Configuration-driven data shaping for Spark in Microsoft Fabric.
weevr lets you declare data transformation intent in YAML and execute it on PySpark. Define what should happen to your data — sources, transforms, joins, validations, write behavior — and let a stable engine handle how it runs. No code generation, no abstraction leaks. Just Spark DataFrame operations driven by configuration.
pip install weevrDefine a thread — the smallest unit of work — using a .thread file:
# dim_customer.thread
config_version: "1.0"
sources:
raw_customers:
type: delta
path: "${lakehouse_path}/raw/customers"
steps:
- filter:
expr: "is_active = true"
- select:
columns: [customer_id, name, email, region]
target:
path: "${lakehouse_path}/curated/dim_customer"
write:
mode: overwriteRun it from a Fabric Notebook or any PySpark environment:
from weevr import Context
ctx = Context(spark, "my-project.weevr")
result = ctx.run("dim_customer.thread")
print(result.status) # "success"- Declarative transforms — Filter, join, dedup, sort, rename, cast, derive, select, drop, aggregate, window, pivot, and union — all expressed in YAML
- Flexible write modes — Overwrite, append, and merge (upsert) with configurable match, update, and delete behavior
- Validation and data quality — Pre-write rules with severity routing (info, warn, error, fatal) and automatic row quarantine; post-write assertions for row counts, null checks, uniqueness, and custom expressions
- DAG orchestration — Automatic dependency resolution, parallel thread execution within weaves, sequential weave ordering, configurable failure behavior, and auto-cache management
- Configuration inheritance — Define patterns once at loom or weave level, cascade to threads with child-wins semantics
- Variable injection — Environment-agnostic configs with parameter files and runtime overrides
- Incremental processing — Watermark-based incremental loads, CDC merge routing with hard/soft delete support, and Delta Change Data Feed integration
- Observability — OTel-compatible execution spans, structured JSON logging, row count reconciliation, and execution trace trees
- Null-safe defaults — Opinionated join semantics and key handling that prevent common Spark pitfalls
- Python API —
Contextclass withrun()for execution,load()for config inspection, and verification modes for dry-run validation
weevr organizes work through four concepts:
- Thread — The smallest executable unit. Reads from one or more sources, applies transforms, validates, and writes to a single target.

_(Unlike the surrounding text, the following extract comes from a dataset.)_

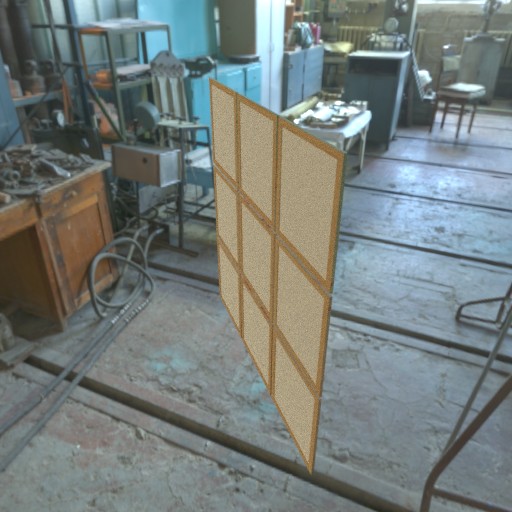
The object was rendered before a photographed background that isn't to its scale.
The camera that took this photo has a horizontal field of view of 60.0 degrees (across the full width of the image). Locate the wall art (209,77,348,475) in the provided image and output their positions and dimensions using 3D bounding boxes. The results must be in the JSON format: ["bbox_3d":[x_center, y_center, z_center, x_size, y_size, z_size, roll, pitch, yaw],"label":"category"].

- Weave — A collection of threads forming a dependency DAG. Represents a subject area or processing stage. Independent threads run in parallel.
- Loom — A deployable unit packaging one or more weaves with defined execution order. The primary unit of versioning and release.

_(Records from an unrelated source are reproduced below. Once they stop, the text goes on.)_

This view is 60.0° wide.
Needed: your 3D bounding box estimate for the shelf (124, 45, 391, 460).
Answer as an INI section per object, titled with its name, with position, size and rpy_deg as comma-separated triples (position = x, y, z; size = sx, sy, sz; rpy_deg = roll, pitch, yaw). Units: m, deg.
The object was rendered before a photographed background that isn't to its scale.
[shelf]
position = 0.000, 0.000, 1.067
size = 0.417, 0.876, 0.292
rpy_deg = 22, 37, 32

- Project — A logical grouping of looms. Defines the boundary for shared configuration, parameter files, helpers, and UDFs.
- Declarative intent, imperative execution — Configuration is read at runtime and drives execution directly. No code generation from YAML.
- Spark-native, Fabric-aligned — All execution uses Spark DataFrame APIs inside Fabric's runtime. No external systems or runtimes.
- Deterministic and idempotent — Same configuration and inputs produce consistent behavior. Safe to rerun.
- Opinionated defaults, configurable overrides — Safe defaults for null handling, join behavior, and failure semantics. Override when you need to.
- Configuration reuse through inheritance — Define patterns once at higher levels and inherit down. Reduces effort, enforces standards.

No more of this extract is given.